An enhanced maintenance algorithm
Sequence bike repair pick-ups by optimising for bikes with severe ride quality issues. For instance, a bike with a missing seat is prioritised higher than one without a bell.
This could be balanced with other variables including frequency of use, historical repair data, and proximity from maintenance contractor.
This should reduce the downtime of bikes and increase their overall utilisation, as bikes are repaired and returned to service faster, ensuring a higher availability of functional bikes for riders.
An improved post-ride review interface
Enhance the current post-ride review interface (above) to include reporting specific issues like missing seats or pedals.
Combined with the two previous solutions this new feature would lead to more precise identification of bike faults.

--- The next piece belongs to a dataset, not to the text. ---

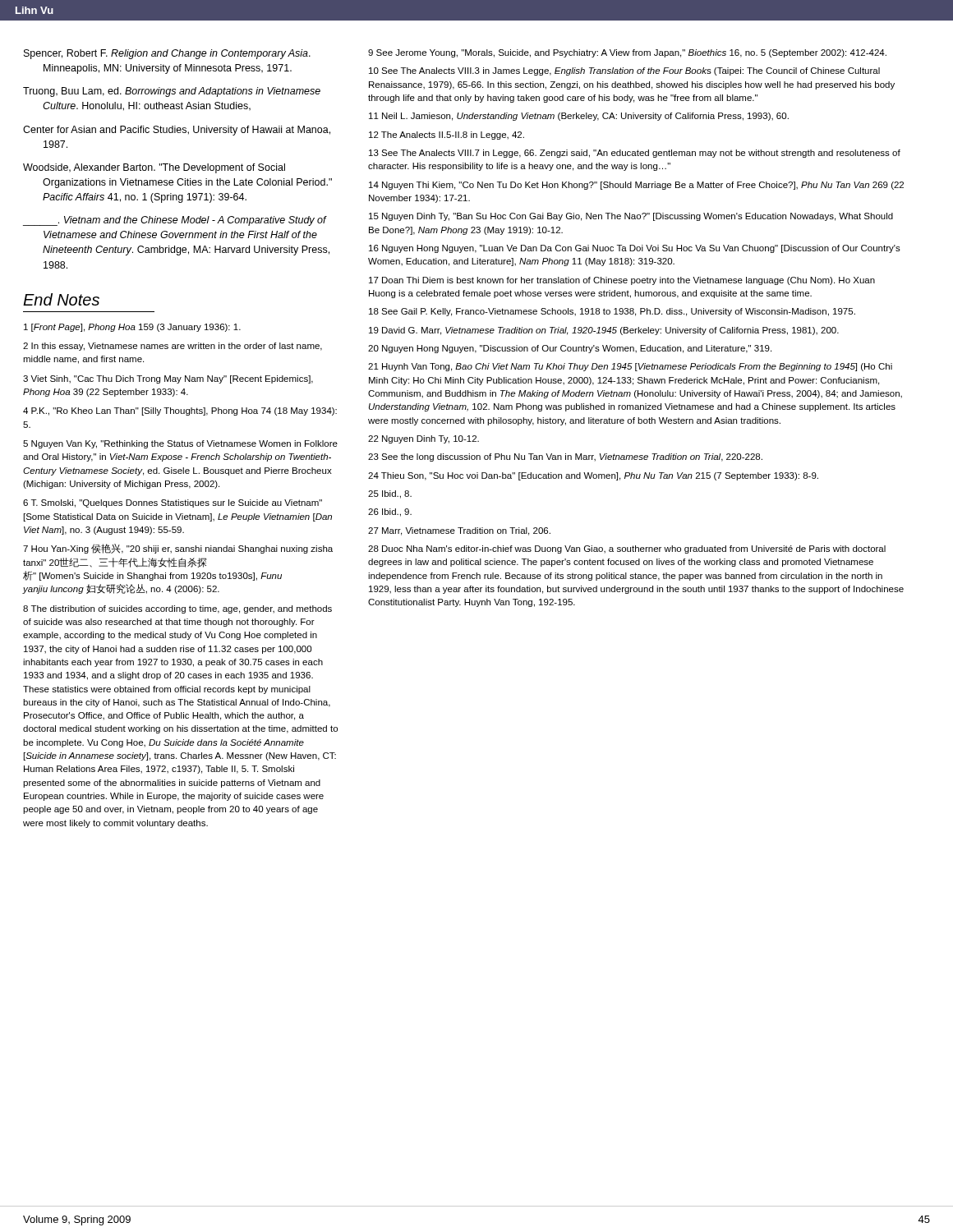Locate the list item containing "6 T. Smolski,"

click(178, 516)

A colleague who gave me input on this work also suggested that adding incentives might encourage riders to review more often and accurately. This is an interesting optimisation that warrants more exploration and experimentation. How would we make sure people didn’t abuse it?
Overall, this optimisation would lead to more accurate and specific identification of bike faults and support the benefits of the previous two solutions.

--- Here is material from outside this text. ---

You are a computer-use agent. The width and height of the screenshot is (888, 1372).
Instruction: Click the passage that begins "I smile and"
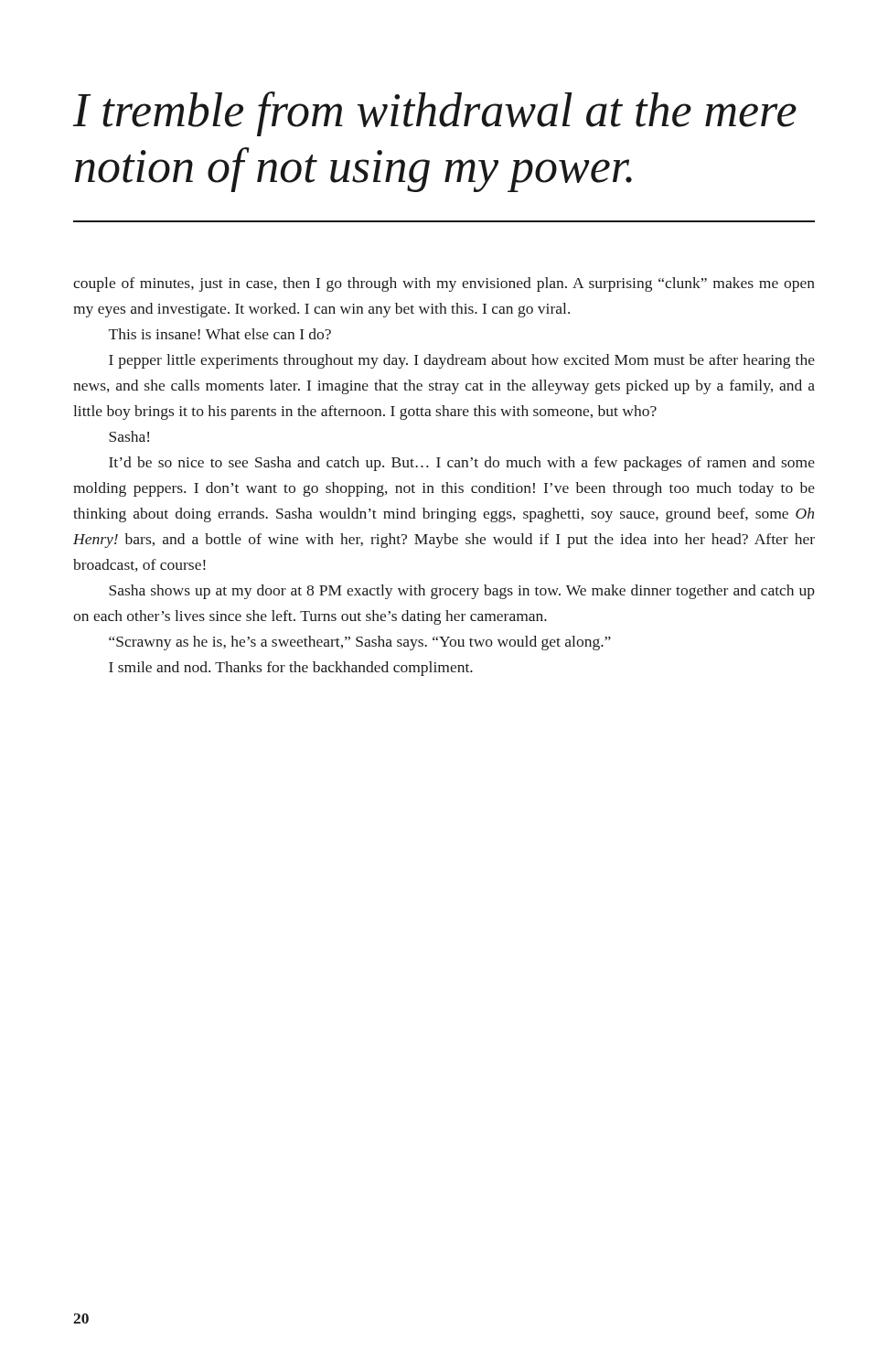pos(291,667)

Let’s summarise the key steps thus far
- I had a hunch I wasn’t the only one frustrated when I located Lime’s mechanical faulty bikes.
- Through research interviews, I uncovered users experience nuances and defined a problem.
- I generated a hypothesis to validate and assumptions that are key to supporting it.
- I suggested solutions inspired by research and the problem to be solved to further explore.
So, what’s next?
If I was in the shoes of a product manager at Lime I’d combine these discovery insights with internal Lime data, further research, and institutional team expertise to:
- Ideate to uncover usable solutions: mature and iterate solutions with team and user feedback.
- Diminish value risk: validate assumptions to better understand if users will value the solutions.
- Diminish feasibility risk: work with engineering to reduce uncertainties on the ability to technically build the solutions (the best way to and how long it could take).
- Assess the viability: work with key stakeholders across the business to understand their specific constraints and considerations. Is the solution workable for the business, its vision, and its strategy? What does success look like and how are we measuring it?
Next, core version of features can be tested internally as part of an Alpha release before a more complete Beta version is released to a closed group of users.
The goal should be to get enough information through testing and feedback to make decisions confidently and quickly.
I acknowledge there are aspects my outlined approach doesn’t cover, such as go-to-market strategies, or what to do post-launch.
My goal isn’t to be exhaustive but to demonstrate how to apply a lean design thinking process to uncover the building blocks required to inspire truly innovative solutions.
Hopefully it will inspire you to reflect on your own experiences and anecdotes, equipping you with effective strategies and tools you can use to develop antidotes.